Over Nathaniel’s head, I meet Caleb’s eyes. “No you’re not, sweetheart. Running away, that wasn’t good. You could have been hurt; and you worried me and Daddy like you can’t believe.” I hesitate, picking my words. “But you can do a bad thing and not be a bad person.”
“Like Father Gwynne?”
I freeze. “Actually, no. He did a bad thing, and he was a bad person.”
Nathaniel looks up at me. “What about you?”
· · ·
Shortly after Dr. Robichaud, Nathaniel’s psychiatrist, takes the stand, Quentin Brown is on his feet to object. “Your Honor, what does this witness have to offer?”
“Judge, this goes to my client’s state of mind,” Fisher argues. “The information she received from Dr.
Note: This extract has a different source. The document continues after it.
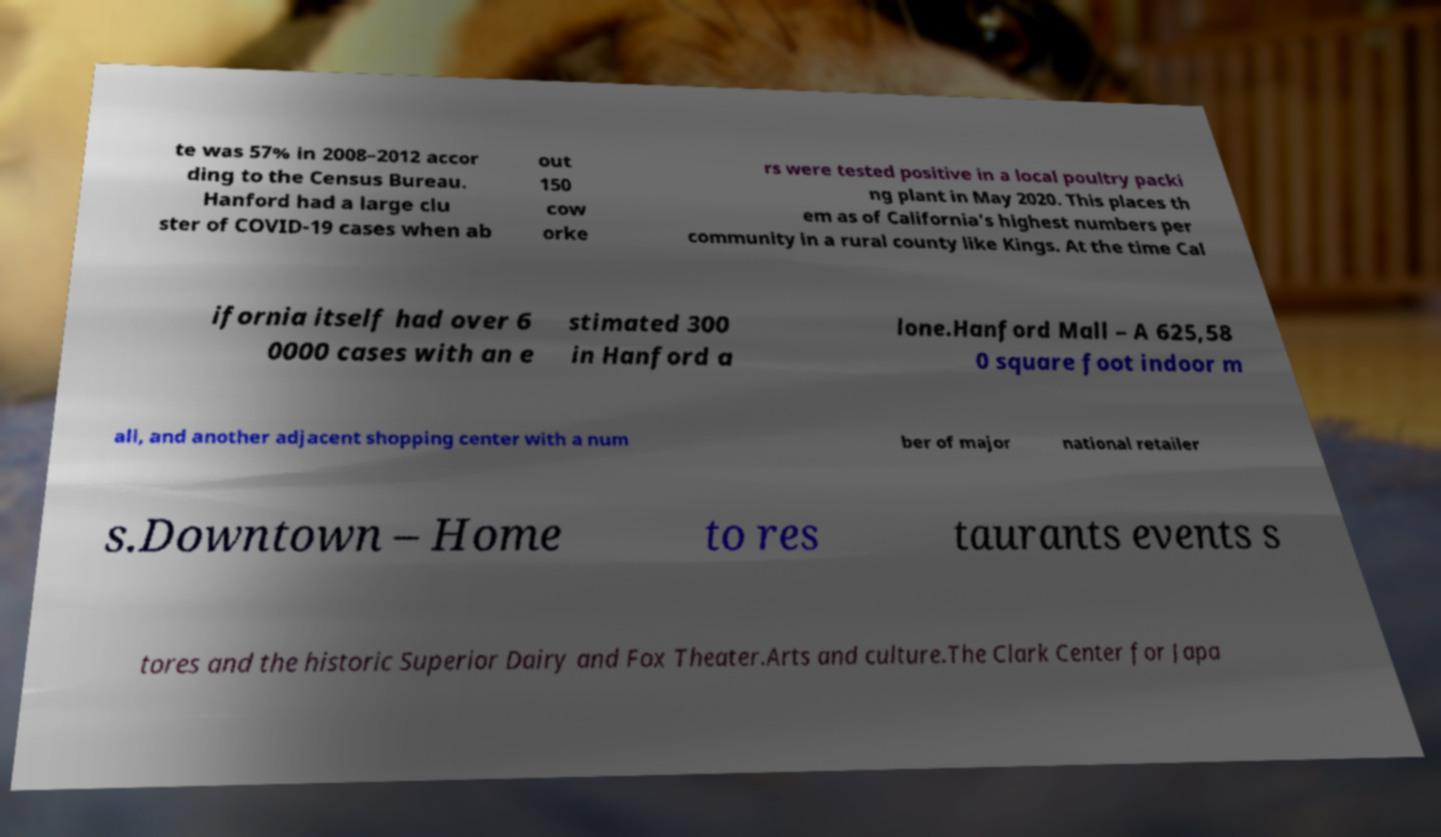Could you extract and type out the text from this image? te was 57% in 2008–2012 accor ding to the Census Bureau. Hanford had a large clu ster of COVID-19 cases when ab out 150 cow orke rs were tested positive in a local poultry packi ng plant in May 2020. This places th em as of California's highest numbers per community in a rural county like Kings. At the time Cal ifornia itself had over 6 0000 cases with an e stimated 300 in Hanford a lone.Hanford Mall – A 625,58 0 square foot indoor m all, and another adjacent shopping center with a num ber of major national retailer s.Downtown – Home to res taurants events s tores and the historic Superior Dairy and Fox Theater.Arts and culture.The Clark Center for Japa

Robichaud regarding her son’s declining condition was highly relevant to her mental status on October thirtieth.”
“I’ll allow it,” Judge Neal rules.
“Doctor, have you treated other children who were rendered mute after sexual abuse?” Fisher asks.
“Yes, unfortunately.”
“In some of these cases, do children never regain their voices?”
“It can take years.”
“Did you have any way of knowing whether this would be a long-term condition for Nathaniel Frost?”
“No,” Dr. Robichaud says. “In fact, that was why I began to teach him rudimentary sign language. He was becoming frustrated with his inability to communicate.”
“Did it help?”
“For a while,” the psychiatrist admits. “Then he began talking again.”
“Was the progress steady?”
“No. It broke down when Nathaniel lost contact with Mrs. Frost for a week.”
“Do you know why?”
“I understood she was charged with violating her bail conditions and was imprisoned.”
“Did you see Nathaniel during the week that his mother was in jail?”
“Yes, I did. Mr. Frost brought him in, quite upset that the child was no longer speaking. He’d regressed to the point where all he would sign for was his mother.”
“In your opinion, what caused that regression?”
“Clearly, it was the sudden and prolonged separation from Mrs. Frost,” Dr. Robichaud says.
“How did Nathaniel’s condition change when his mother was released again?”
“He cried out for her.” The psychiatrist smiles. “A joyful noise.”
“And, Doctor, were he to undergo a sudden and prolonged separation from his mother again … what do you think the likely outcome would be for Nathaniel?”
“Objection!” Quentin calls.
“Withdrawn.”
Moments later, the prosecutor stands up to cross-examine. “In dealing with five-year-olds, Doctor, don’t you find that they often become confused about events?”
“Absolutely. That’s why courts have competency hearings, Mr. Brown.”
At the very mention, Judge Neal gives him a warning glance. “Dr. Robichaud, in your experience, court cases of this type take several months to several years to come to trial, don’t they?”
“Yes.”
“And the developmental difference between a five-year-old and a seven-year-old is significant, isn’t it?”
“Definitely.”
“In fact, haven’t you treated children who seemed like they might have trouble testifying when they first came to you … yet a year or two later—after therapy and time had healed them a bit—they were able to take the stand without a setback?”
“Yes.”
“Isn’t it true that you have no way of predicting whether Nathaniel would have been able to testify a few years from now without it causing significant psychological harm?”
“No, there’s no way to say what might have happened in the future.”
Quentin turns toward me. “As a prosecutor, Mrs. Frost would certainly be aware of this time lag for court appearances, don’t you think?”